**Task requirements**.
Your answer must consist of exactly the lines below, starting with the line with "list Bij afwezigheid" and going on through the line with "list het inkoopbeleid", and nothing else.

[Entries taken from a collection]
────────────────────────────────────────

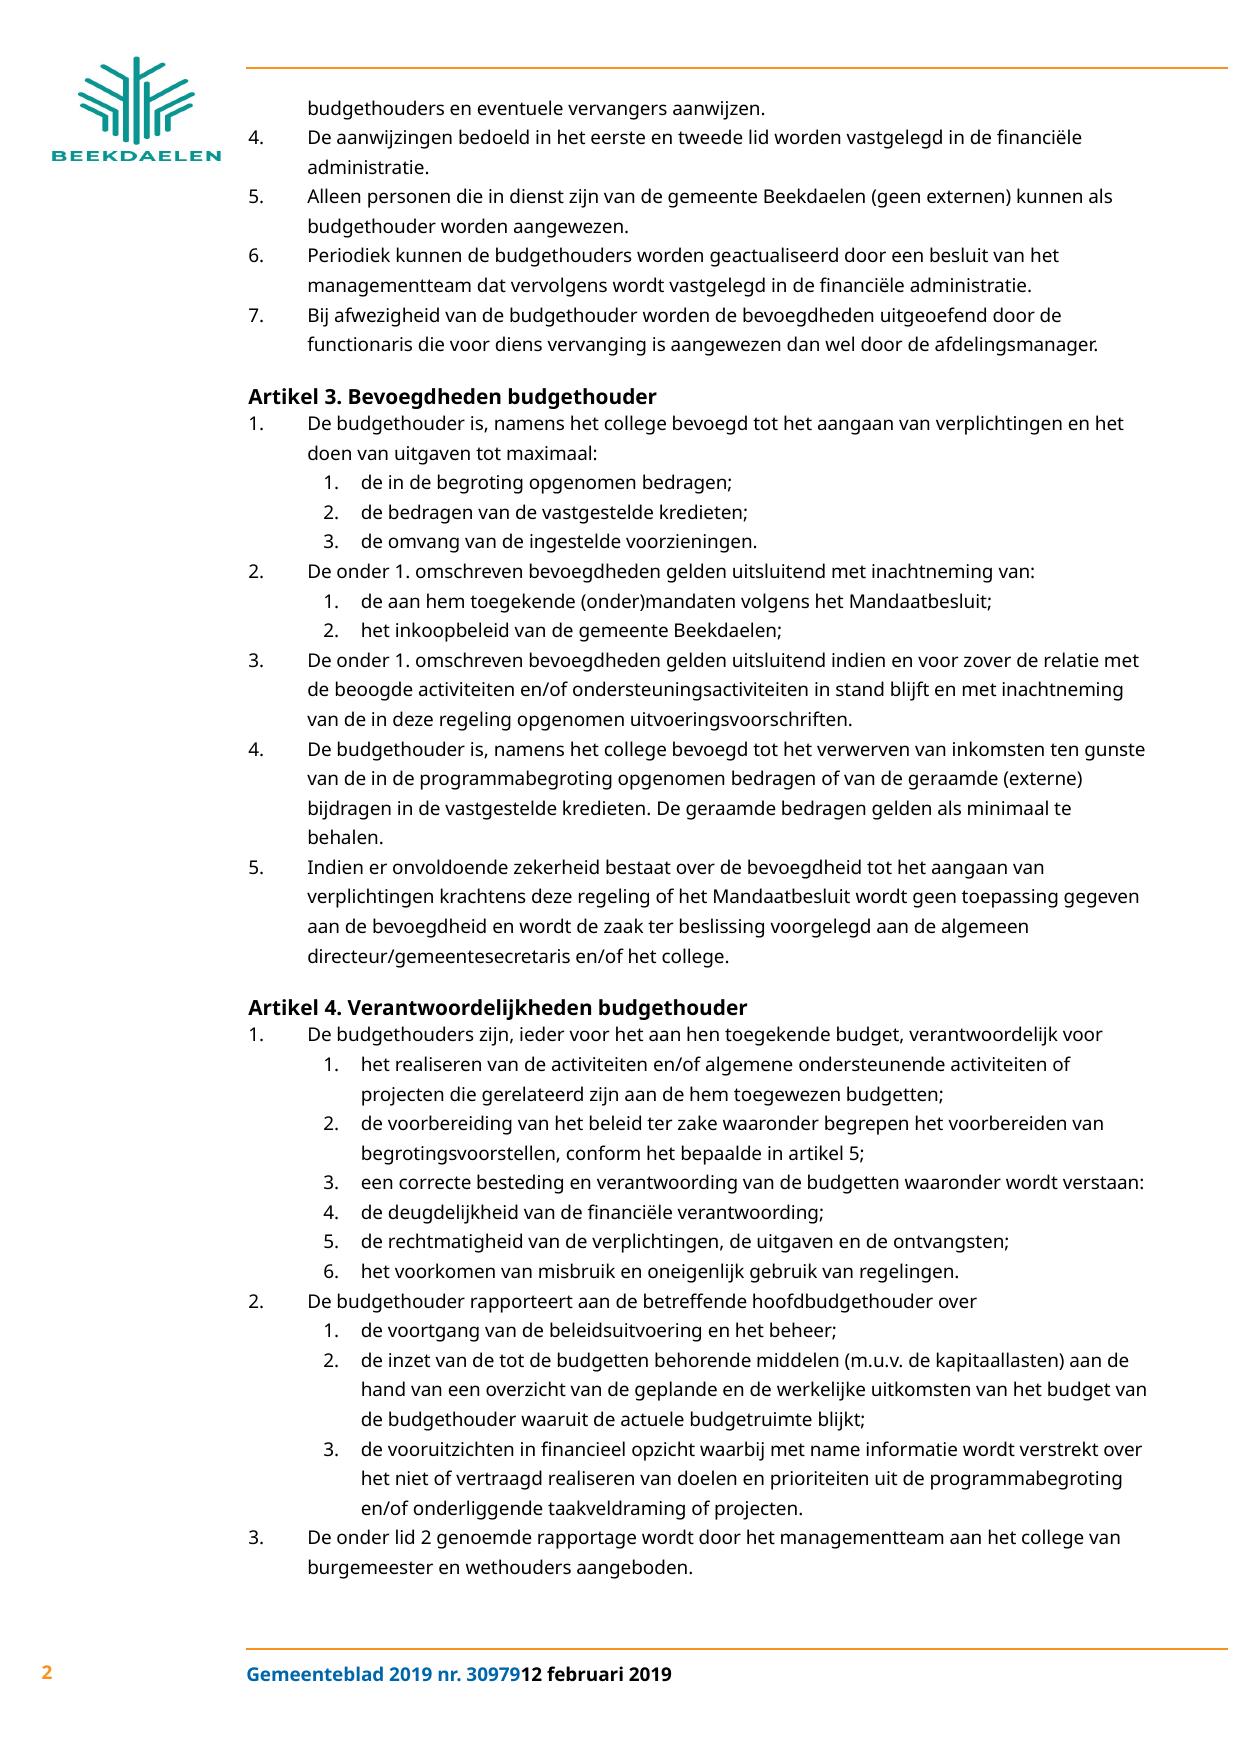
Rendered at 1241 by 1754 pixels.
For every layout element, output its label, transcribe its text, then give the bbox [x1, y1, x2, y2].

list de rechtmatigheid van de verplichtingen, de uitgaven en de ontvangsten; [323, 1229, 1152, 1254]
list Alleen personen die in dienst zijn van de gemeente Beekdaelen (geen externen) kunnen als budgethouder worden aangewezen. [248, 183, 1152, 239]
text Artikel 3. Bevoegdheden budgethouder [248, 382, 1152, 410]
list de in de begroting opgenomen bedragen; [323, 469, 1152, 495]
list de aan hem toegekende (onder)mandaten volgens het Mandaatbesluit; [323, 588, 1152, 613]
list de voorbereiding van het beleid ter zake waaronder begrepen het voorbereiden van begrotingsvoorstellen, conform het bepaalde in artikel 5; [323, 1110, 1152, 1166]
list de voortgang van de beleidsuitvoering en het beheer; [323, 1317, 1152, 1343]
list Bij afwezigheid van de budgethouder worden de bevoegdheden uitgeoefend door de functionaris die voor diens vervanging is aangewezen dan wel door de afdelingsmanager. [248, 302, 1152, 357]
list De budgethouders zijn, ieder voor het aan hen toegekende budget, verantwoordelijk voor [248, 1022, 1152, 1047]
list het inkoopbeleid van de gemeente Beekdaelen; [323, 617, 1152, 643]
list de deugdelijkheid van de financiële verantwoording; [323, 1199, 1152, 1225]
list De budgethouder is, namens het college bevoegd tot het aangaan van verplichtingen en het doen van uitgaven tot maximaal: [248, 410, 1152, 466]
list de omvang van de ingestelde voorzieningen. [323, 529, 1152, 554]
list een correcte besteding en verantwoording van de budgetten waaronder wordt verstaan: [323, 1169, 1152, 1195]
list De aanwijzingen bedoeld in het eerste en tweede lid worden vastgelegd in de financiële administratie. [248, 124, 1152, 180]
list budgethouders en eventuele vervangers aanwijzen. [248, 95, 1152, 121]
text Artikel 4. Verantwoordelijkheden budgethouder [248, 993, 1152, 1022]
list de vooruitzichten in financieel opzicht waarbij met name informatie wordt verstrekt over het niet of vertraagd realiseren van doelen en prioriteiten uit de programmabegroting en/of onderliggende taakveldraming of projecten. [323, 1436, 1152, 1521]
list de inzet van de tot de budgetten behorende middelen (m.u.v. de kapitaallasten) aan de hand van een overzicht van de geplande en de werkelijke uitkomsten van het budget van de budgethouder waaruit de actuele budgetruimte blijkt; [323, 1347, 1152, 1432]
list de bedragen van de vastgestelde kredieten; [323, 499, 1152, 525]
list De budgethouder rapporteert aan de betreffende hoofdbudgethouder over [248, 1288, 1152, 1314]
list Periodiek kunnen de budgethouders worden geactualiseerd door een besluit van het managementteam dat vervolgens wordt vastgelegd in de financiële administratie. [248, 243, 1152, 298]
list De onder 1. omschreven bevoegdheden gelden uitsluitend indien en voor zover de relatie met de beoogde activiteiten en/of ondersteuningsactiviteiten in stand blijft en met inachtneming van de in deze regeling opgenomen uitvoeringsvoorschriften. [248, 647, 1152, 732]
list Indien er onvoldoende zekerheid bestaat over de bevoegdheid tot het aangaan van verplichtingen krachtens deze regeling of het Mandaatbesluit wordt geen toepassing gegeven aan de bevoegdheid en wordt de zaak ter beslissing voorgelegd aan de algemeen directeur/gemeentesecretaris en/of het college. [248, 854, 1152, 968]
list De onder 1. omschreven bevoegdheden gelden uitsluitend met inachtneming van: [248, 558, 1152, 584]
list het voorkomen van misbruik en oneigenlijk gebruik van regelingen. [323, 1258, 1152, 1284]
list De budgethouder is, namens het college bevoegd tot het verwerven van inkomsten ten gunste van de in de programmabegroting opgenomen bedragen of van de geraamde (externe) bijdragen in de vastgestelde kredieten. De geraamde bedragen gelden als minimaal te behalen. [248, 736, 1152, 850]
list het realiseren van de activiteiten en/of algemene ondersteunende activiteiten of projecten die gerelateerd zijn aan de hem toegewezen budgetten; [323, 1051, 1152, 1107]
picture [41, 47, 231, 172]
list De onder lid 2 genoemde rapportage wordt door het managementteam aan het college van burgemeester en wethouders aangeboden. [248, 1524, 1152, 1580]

────────────────────────────────────────

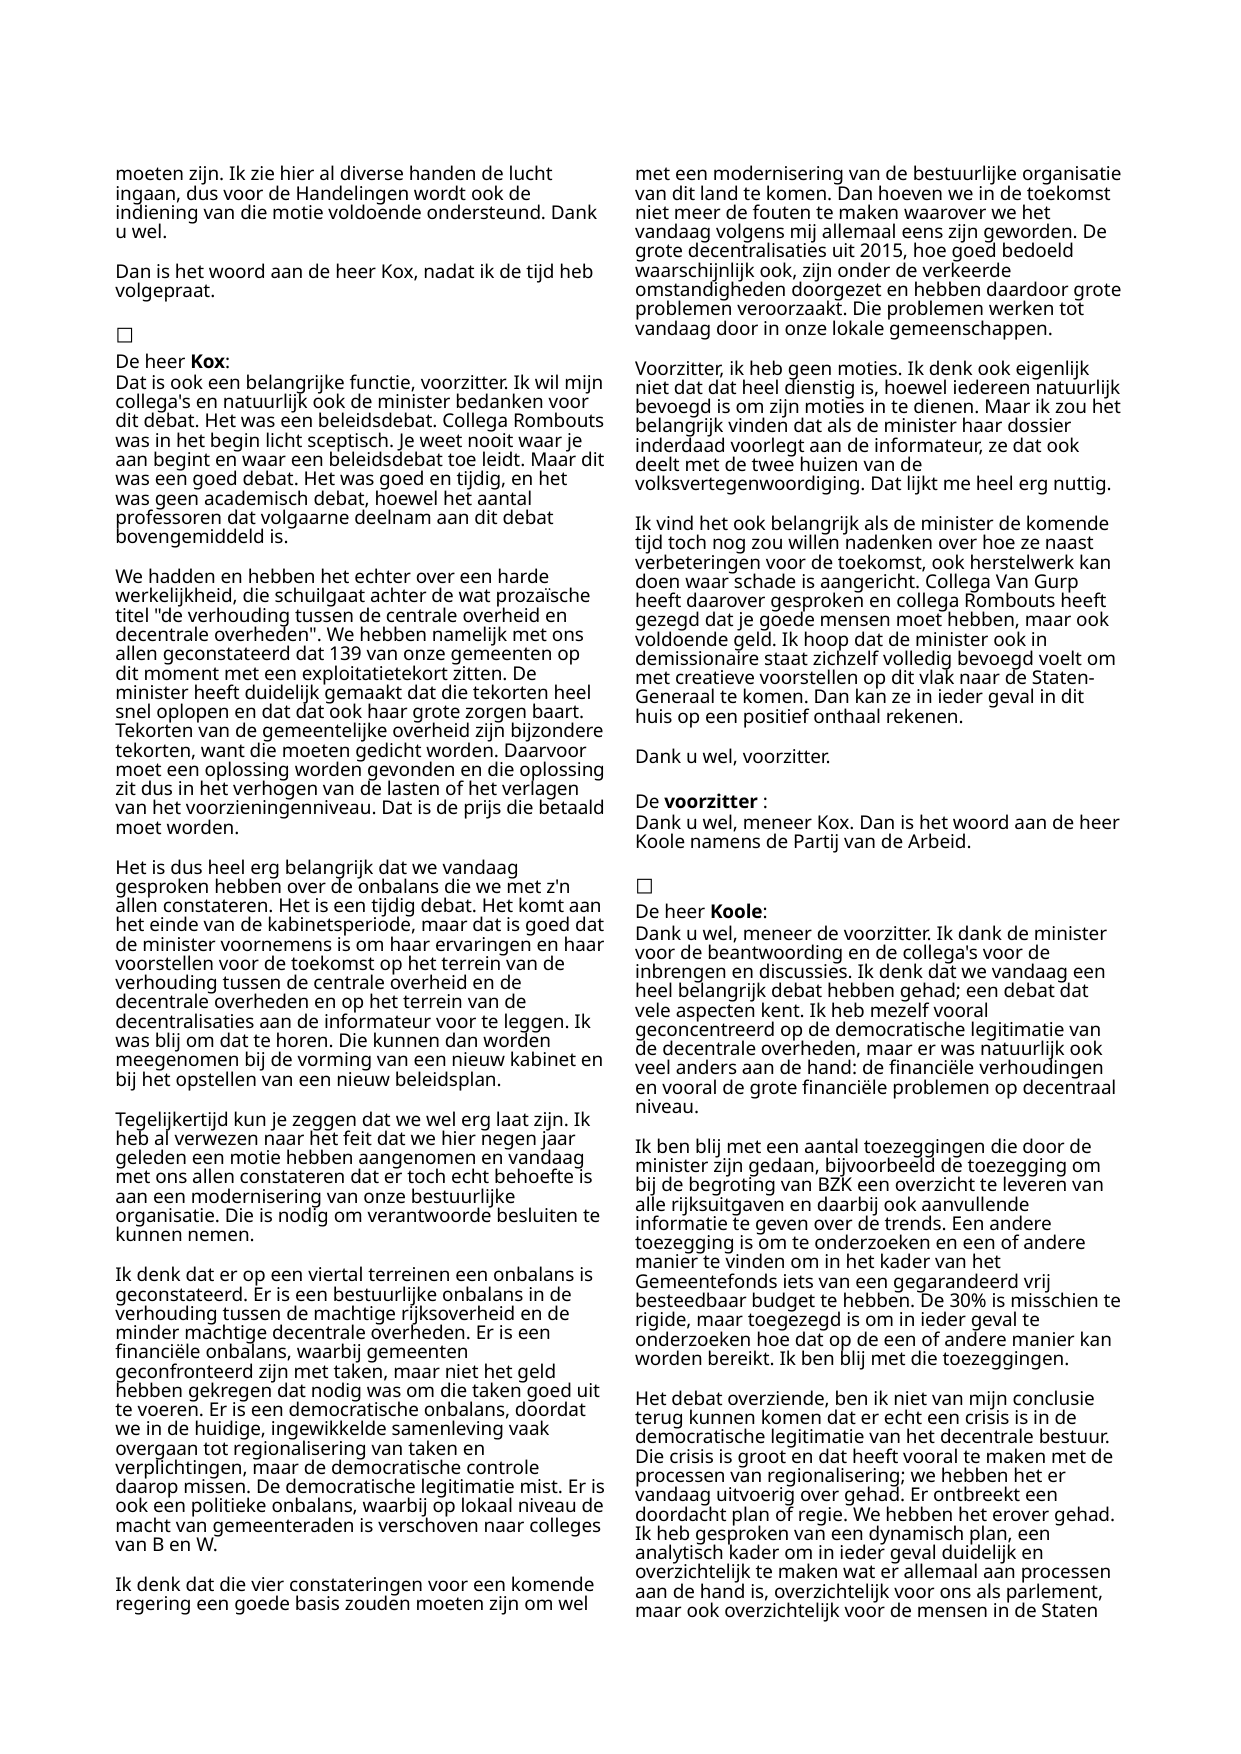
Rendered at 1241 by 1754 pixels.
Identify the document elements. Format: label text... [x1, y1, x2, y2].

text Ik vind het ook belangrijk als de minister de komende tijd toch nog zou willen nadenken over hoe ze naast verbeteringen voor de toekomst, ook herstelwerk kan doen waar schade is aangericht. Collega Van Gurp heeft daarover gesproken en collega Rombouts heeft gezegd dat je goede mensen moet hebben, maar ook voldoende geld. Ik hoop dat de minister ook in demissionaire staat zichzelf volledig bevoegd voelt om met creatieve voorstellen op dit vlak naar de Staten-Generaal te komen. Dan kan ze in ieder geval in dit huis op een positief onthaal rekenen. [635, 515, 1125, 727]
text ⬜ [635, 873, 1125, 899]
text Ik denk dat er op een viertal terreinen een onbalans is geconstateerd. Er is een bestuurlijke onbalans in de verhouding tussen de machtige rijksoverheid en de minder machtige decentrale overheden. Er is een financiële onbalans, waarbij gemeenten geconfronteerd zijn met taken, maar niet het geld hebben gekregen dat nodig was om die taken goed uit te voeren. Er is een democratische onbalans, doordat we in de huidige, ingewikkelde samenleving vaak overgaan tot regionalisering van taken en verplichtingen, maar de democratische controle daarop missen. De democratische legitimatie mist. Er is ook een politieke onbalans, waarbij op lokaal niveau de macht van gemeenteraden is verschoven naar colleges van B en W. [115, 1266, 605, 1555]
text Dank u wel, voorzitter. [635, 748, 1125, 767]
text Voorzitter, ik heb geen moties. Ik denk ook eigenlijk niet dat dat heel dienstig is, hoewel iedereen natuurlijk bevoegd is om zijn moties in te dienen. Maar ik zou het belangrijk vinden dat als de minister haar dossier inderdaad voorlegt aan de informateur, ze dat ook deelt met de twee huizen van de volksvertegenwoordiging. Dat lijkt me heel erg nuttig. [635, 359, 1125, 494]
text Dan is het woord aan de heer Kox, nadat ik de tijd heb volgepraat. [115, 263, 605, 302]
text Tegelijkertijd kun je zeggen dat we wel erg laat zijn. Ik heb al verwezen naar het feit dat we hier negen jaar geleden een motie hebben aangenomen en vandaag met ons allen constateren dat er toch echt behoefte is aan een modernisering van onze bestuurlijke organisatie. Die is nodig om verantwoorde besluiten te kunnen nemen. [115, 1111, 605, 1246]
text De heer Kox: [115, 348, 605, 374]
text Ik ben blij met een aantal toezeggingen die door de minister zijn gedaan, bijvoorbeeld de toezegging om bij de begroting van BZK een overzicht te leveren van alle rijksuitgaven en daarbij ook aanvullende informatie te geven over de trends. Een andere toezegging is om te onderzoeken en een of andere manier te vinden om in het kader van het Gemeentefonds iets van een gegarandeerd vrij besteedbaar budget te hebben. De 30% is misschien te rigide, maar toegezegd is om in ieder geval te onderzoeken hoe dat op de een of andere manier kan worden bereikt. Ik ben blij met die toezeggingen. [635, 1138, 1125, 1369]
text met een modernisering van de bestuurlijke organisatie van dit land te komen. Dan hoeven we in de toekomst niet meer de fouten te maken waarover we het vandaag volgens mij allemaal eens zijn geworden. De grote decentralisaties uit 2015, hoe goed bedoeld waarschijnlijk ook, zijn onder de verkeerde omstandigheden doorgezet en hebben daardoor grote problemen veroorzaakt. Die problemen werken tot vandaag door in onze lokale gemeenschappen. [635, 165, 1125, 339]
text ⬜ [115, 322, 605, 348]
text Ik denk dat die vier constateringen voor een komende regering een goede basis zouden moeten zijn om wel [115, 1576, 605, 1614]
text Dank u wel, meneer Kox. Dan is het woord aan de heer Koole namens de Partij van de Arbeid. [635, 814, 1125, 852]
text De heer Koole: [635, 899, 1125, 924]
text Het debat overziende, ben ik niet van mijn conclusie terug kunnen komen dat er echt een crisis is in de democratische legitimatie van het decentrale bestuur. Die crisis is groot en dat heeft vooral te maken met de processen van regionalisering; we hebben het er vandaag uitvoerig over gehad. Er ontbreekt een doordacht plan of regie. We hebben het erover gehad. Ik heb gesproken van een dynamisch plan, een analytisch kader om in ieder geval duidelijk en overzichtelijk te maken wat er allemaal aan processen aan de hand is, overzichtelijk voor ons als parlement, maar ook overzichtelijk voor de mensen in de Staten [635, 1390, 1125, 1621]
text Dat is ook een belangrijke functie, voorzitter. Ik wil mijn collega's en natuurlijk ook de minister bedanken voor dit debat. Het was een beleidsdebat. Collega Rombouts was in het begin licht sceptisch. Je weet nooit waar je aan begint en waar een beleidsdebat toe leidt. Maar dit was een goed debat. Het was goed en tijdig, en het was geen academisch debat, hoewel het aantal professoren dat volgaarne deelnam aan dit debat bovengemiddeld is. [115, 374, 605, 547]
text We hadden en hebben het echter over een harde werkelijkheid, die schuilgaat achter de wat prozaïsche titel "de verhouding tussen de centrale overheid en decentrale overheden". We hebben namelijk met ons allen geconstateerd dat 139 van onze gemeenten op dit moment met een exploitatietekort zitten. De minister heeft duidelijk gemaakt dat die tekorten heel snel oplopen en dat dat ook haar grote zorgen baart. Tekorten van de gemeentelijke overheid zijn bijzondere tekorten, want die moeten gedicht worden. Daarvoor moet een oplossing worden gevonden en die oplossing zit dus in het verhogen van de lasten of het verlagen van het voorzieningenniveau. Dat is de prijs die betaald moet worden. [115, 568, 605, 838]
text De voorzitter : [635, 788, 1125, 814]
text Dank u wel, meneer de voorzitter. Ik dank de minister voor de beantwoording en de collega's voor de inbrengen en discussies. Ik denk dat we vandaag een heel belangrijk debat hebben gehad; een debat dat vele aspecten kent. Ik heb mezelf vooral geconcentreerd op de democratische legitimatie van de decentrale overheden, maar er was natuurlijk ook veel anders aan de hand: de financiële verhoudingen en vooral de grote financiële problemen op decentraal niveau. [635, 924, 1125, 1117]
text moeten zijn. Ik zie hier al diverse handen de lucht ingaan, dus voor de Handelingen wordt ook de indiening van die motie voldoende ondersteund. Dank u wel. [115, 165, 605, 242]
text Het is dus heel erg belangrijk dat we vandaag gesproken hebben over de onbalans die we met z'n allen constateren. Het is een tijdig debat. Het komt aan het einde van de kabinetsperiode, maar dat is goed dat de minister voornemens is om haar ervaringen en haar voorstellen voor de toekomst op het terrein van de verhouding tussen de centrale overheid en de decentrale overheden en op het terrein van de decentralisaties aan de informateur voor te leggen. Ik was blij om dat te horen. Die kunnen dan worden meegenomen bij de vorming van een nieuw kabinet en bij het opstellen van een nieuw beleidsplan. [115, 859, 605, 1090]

────────────────────────────────────────

**Reply to the task**.
list Bij afwezigheid van de budgethouder worden de bevoegdheden uitgeoefend door de functionaris die voor diens vervanging is aangewezen dan wel door de afdelingsmanager. [248, 302, 1152, 357]
list De budgethouders zijn, ieder voor het aan hen toegekende budget, verantwoordelijk voor [248, 1022, 1152, 1047]
list het inkoopbeleid van de gemeente Beekdaelen; [323, 617, 1152, 643]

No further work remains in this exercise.